Hello,
Three sources suggest different read lengths -- how can I definitively find the read length?
- A colleague suggested that this bam file has reads 40 base pairs long,
- samtools view seems to suggest the reads are 44 base pairs long, and
- Tablet seems to suggest most reads are 40 base pairs long but shows a couple less than 40 (e.g. 36, 38, and 39) base pairs long.
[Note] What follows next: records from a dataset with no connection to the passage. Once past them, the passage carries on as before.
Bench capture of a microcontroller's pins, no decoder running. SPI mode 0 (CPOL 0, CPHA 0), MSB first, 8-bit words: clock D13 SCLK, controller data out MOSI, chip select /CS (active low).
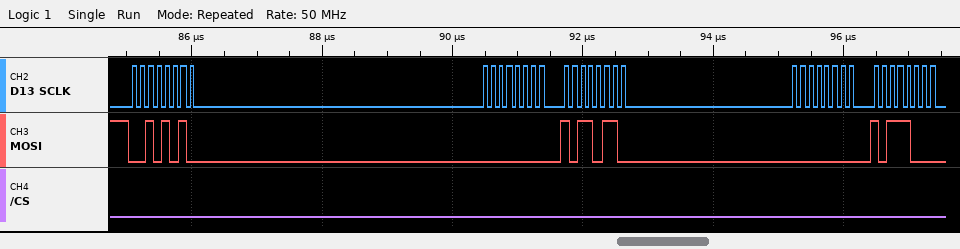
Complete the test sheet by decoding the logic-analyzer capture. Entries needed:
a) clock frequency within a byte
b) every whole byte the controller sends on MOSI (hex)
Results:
8 MHz
0x2A 0x00 0xB6 0x00 0xB8
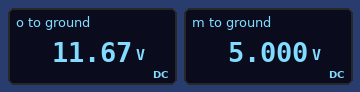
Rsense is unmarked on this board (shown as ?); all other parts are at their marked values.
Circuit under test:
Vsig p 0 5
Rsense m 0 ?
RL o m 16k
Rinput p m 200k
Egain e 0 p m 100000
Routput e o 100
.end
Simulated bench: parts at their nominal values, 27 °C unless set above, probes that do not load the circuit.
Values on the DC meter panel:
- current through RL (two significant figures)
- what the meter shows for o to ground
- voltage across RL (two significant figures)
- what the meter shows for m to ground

420 µA
11.67 V
6.7 V
5.000 V
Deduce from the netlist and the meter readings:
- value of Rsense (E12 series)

12 kΩ
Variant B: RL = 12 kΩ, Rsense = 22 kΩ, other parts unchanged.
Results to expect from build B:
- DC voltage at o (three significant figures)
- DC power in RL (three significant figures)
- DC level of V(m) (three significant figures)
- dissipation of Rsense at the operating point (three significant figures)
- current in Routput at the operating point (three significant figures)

7.73 V
620 µW
5.00 V
1.14 mW
227 µA

For samtools, I'm running the following command, based off of How Can I Know The Length Of Mapped Reads From Bam File?:
$ samtools view foo.bam | head -n 1000000 | cut -f 10 | perl -ne 'chomp;print length($_) . "\n"' | sort | uniq -c
1000000 44
$ samtools view foo.bam | head -n 1
HWI-ST673_0087:1:1103:11279:92479#NNNNNN/1 0 chrM 1 255 4M4I36M * 0 0 GATGGATCACAGGTCTATCACCCTATTAACCACTCACGGGAGCT bbbeeaceggggfeghiiiiiiiiiiihiiihiiiiihfhhhhi AS:i:-23 XN:i:0 XM:i:1 XO:i:1 XG:i:4 NM:i:5 MD:Z:3C36 YT:Z:UU
With tablet, I see the following:
I assume that I'm just misinterpreting the output. I don't have any formal background in bioinformatics (I am a software developer). If anyone could help set me straight here, I'd appreciate it, or maybe suggest some good relevant reading. Do bam files always have uniform read lengths?
Thanks for the help!
Thanks for the explanation. It turns out I was stupidly looking at the wrong file in Tablet!
But your answer and the others helped me better understand samtools view, cigar, and what to expect with regards to uniform read length -- thank you!